WORK ITEM:
Would you reproduce exactly the lines below from the one holding "Answer: Beginning of" through the one holding "Answer: Authorized persons only", inclusive, and no others?

___ DATASET

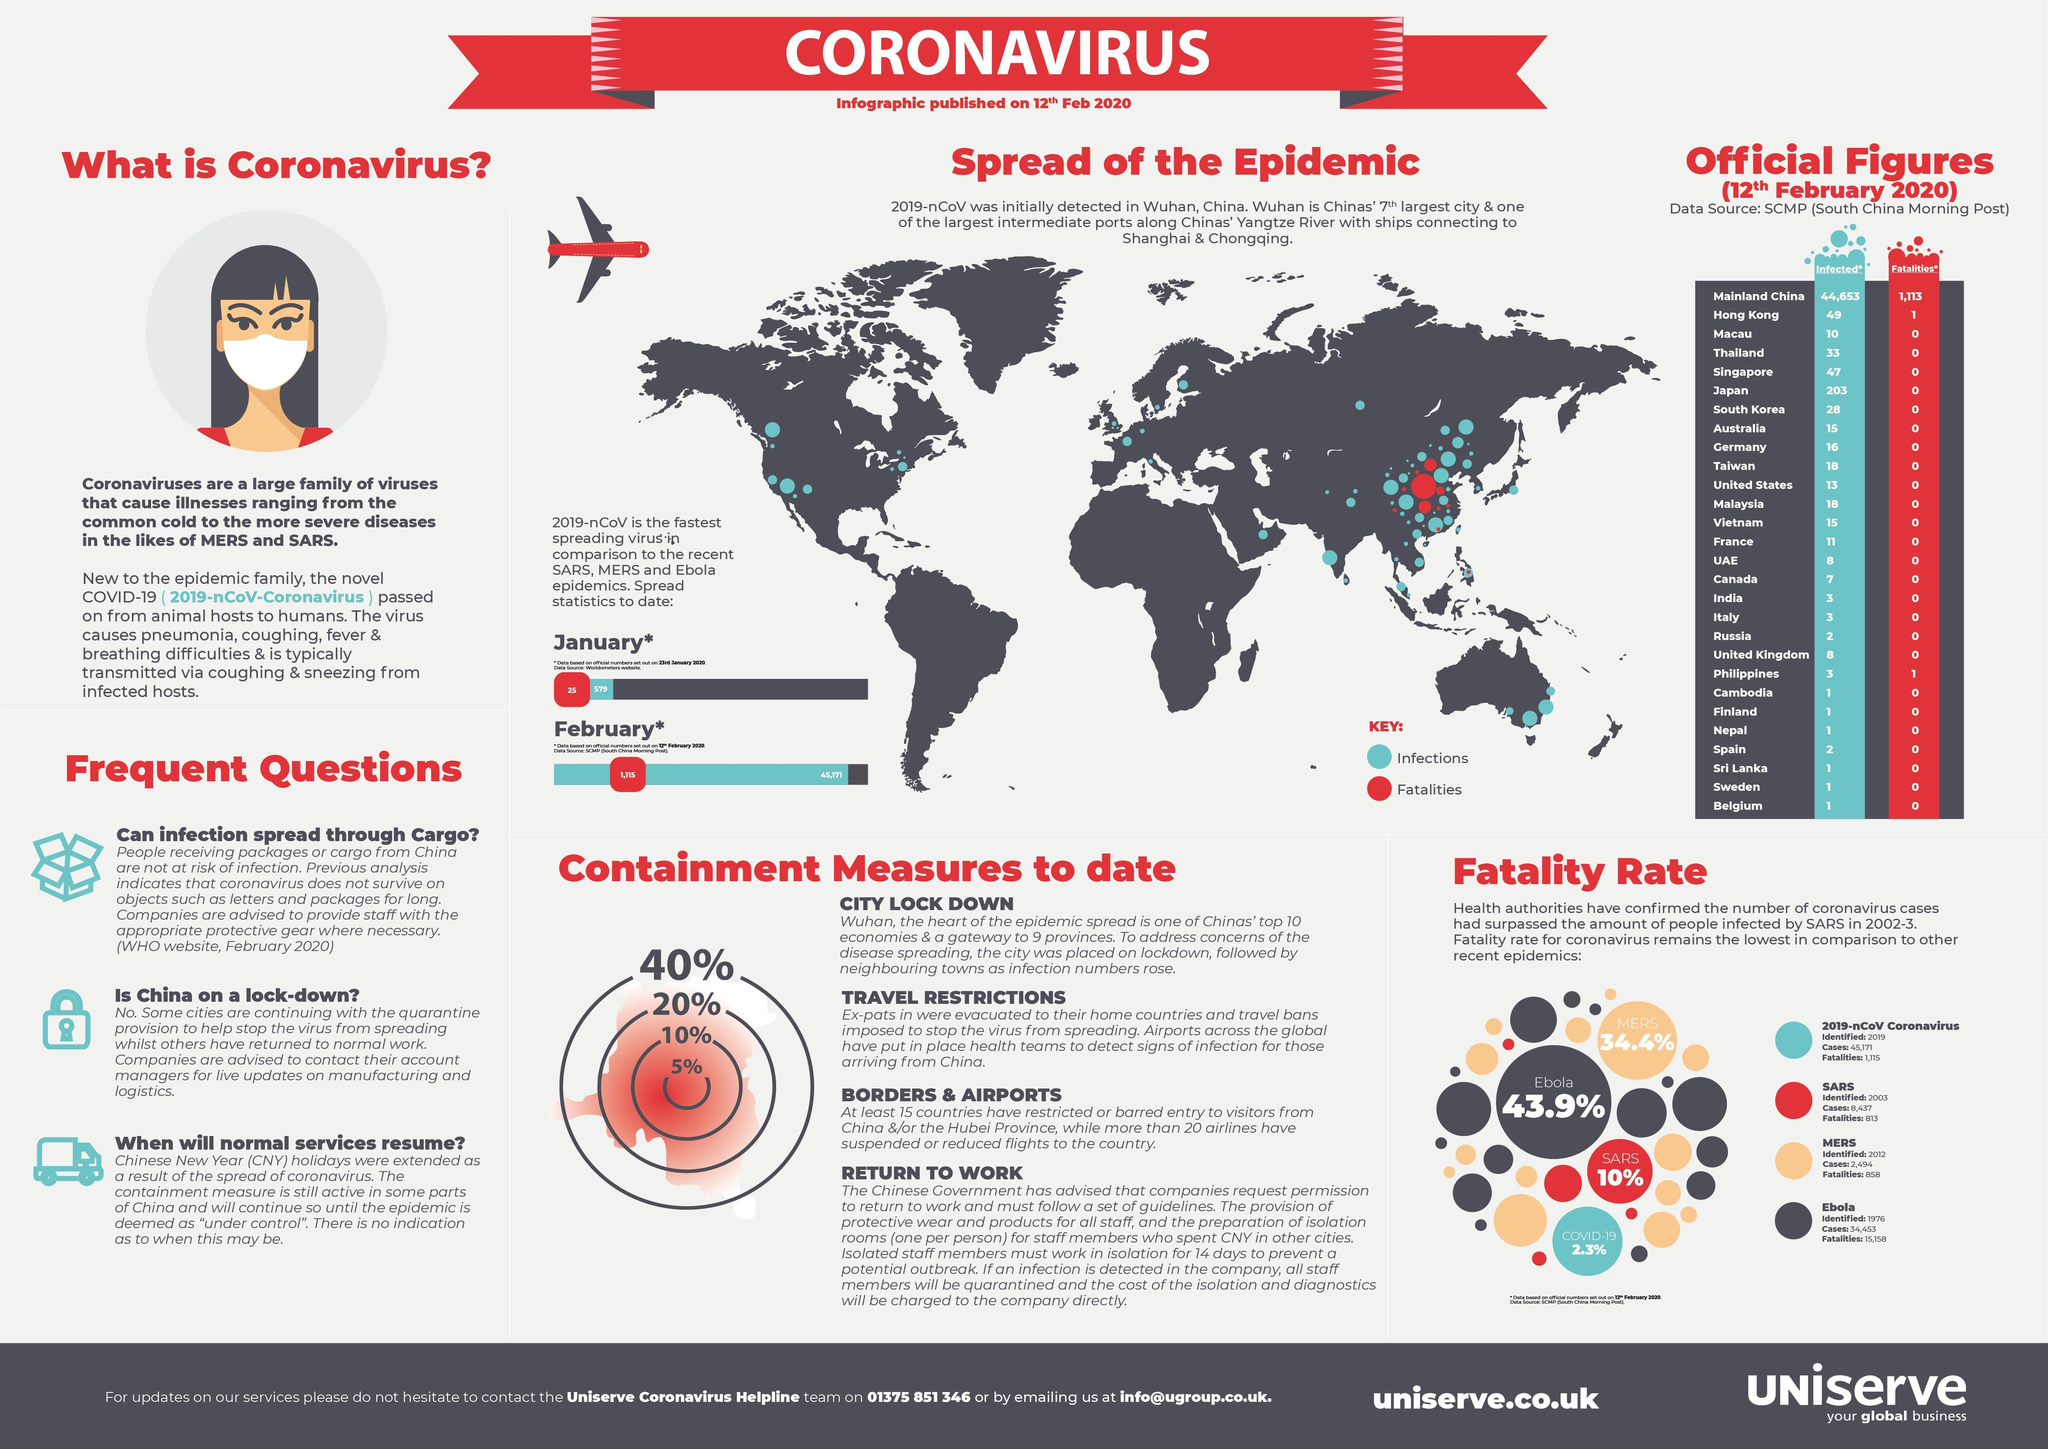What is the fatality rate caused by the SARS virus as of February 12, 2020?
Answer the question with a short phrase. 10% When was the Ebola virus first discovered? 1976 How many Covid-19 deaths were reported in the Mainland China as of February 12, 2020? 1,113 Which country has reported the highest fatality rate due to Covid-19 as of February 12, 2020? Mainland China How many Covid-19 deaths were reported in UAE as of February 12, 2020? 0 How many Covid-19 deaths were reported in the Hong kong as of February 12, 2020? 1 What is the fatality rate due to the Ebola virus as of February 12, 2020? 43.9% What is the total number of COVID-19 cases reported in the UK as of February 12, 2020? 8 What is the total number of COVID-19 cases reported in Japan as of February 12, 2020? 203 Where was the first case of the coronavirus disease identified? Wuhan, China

______
___ DATASET

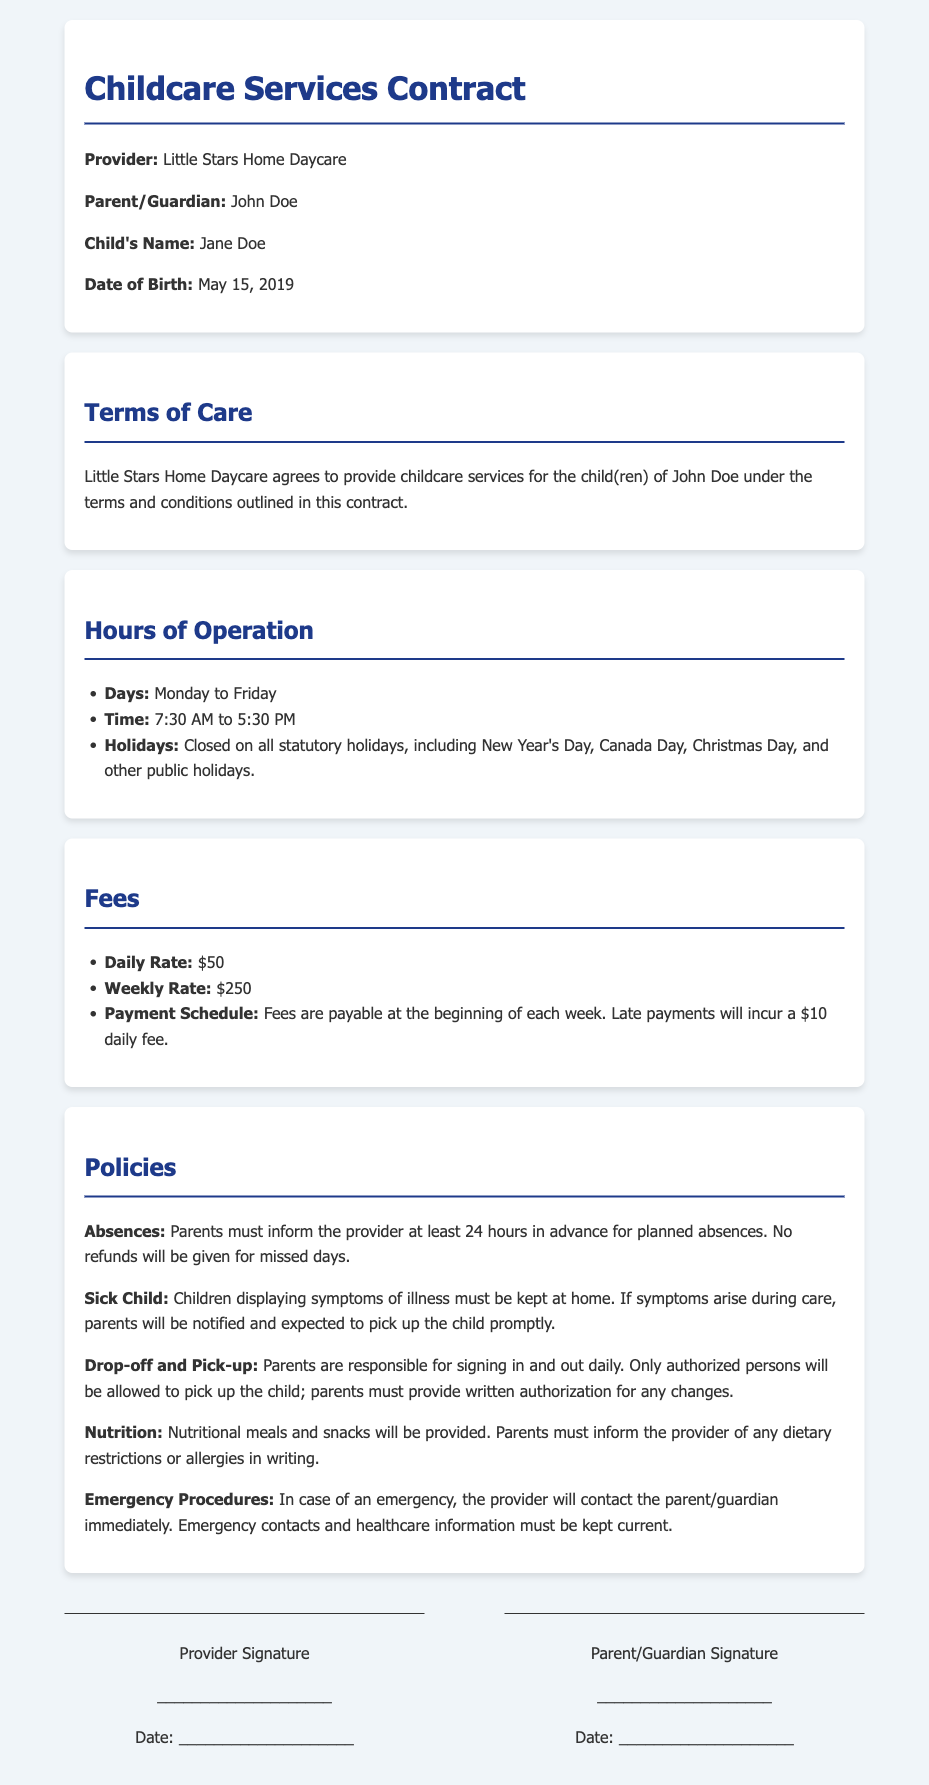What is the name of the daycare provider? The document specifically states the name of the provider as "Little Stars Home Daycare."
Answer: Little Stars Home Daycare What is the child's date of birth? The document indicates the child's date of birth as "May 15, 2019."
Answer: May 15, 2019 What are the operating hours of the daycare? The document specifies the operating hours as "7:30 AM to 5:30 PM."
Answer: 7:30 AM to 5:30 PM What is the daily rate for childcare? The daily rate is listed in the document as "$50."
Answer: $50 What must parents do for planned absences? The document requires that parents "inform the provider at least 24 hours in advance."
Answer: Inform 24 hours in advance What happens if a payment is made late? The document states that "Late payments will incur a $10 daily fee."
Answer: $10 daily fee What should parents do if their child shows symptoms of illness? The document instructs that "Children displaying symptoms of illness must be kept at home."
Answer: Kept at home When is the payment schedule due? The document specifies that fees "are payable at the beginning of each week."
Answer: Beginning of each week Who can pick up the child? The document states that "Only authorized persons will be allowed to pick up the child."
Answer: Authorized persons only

______

EXERCISE ANSWER:
Answer: Beginning of each week Who can pick up the child? The document states that "Only authorized persons will be allowed to pick up the child."
Answer: Authorized persons only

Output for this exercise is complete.